Munroe would have added the cliché that ‘the way to a man’s heart is through the stomach’. Indeed, there are many women who seem to have mastered this male code, and have reaped rewards than any manipulation would have offered.
This brings me to the recent trending topic of twa twa! For those who do not live here, this sound of gunshots is a euphemism for sex, as preached by Nairobi-based Pastor Susan Munene.
Expectedly, advocating for regular sex between couples as a panacea for having stable marriages was bound to raise furore and excitement in equal measure.
Sadly, social media being opportunistic, someone simply cut out that bit out of a wholesome talk, and shared it online. I have watched a longer version of the clip and Pastor Munene did not dwell on sex as the clip implied.

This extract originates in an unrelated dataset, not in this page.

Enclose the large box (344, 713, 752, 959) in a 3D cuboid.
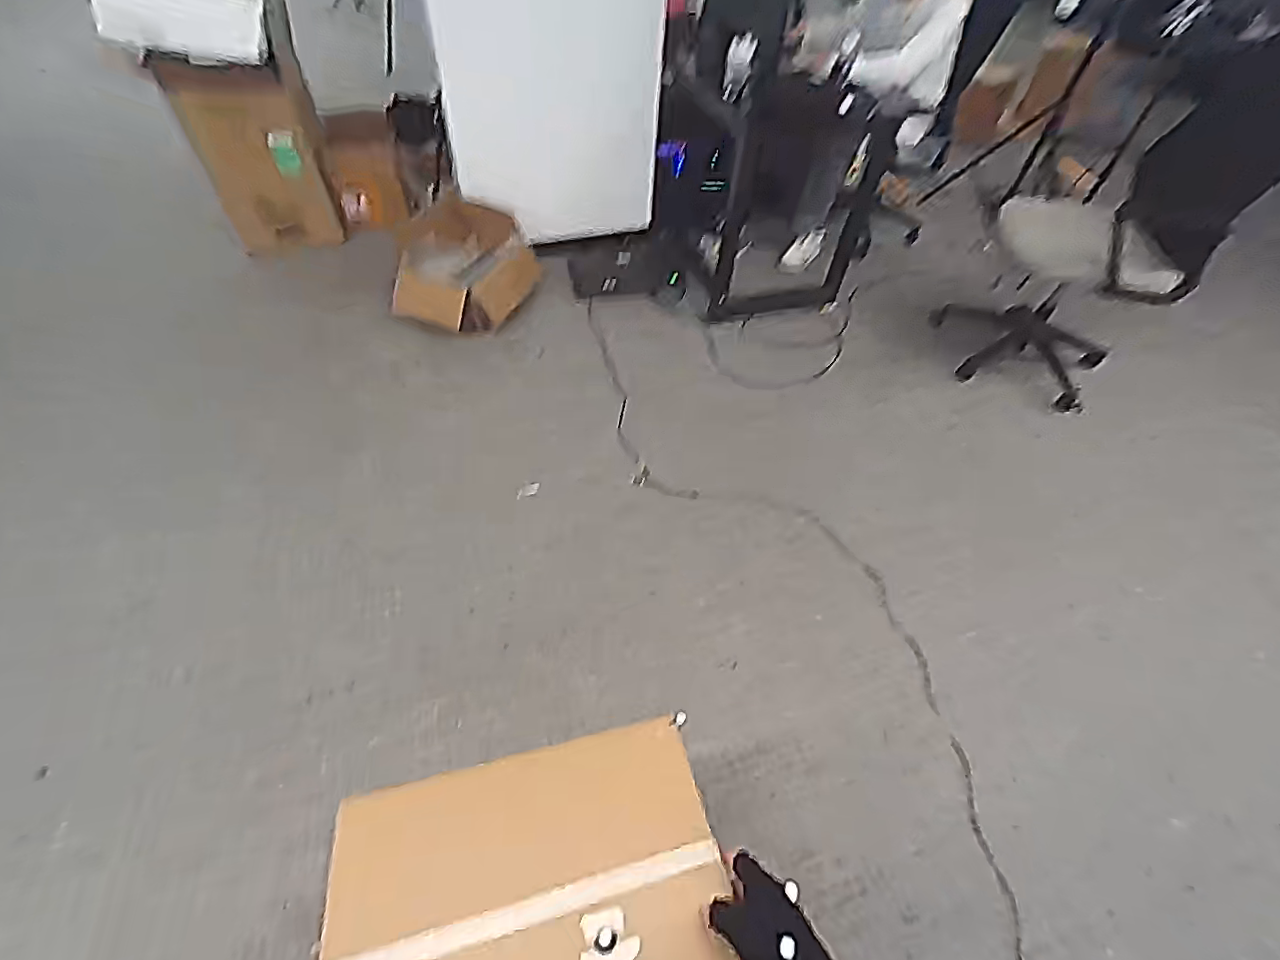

As a man, I concur with the sentiments of both preachers. Many of the problems in modern marriages have resulted from spouses using sex to manipulate each other, either as a punishment, or inducement for some action – as a carrot and stick.
I must confess that I have held these sentiments and expressed them to fellow married couples, more so when women ask me what men want.
The plain truth is that a sexually starved man is a time-bomb in a marriage.
Do not get me wrong. Men can easily tell the difference when their partners are unable to satisfy their conjugal rights for genuine reasons. But you do not withhold sex from a man for weeks as a way to get back to him, and expect him to love you or, at least, be faithful.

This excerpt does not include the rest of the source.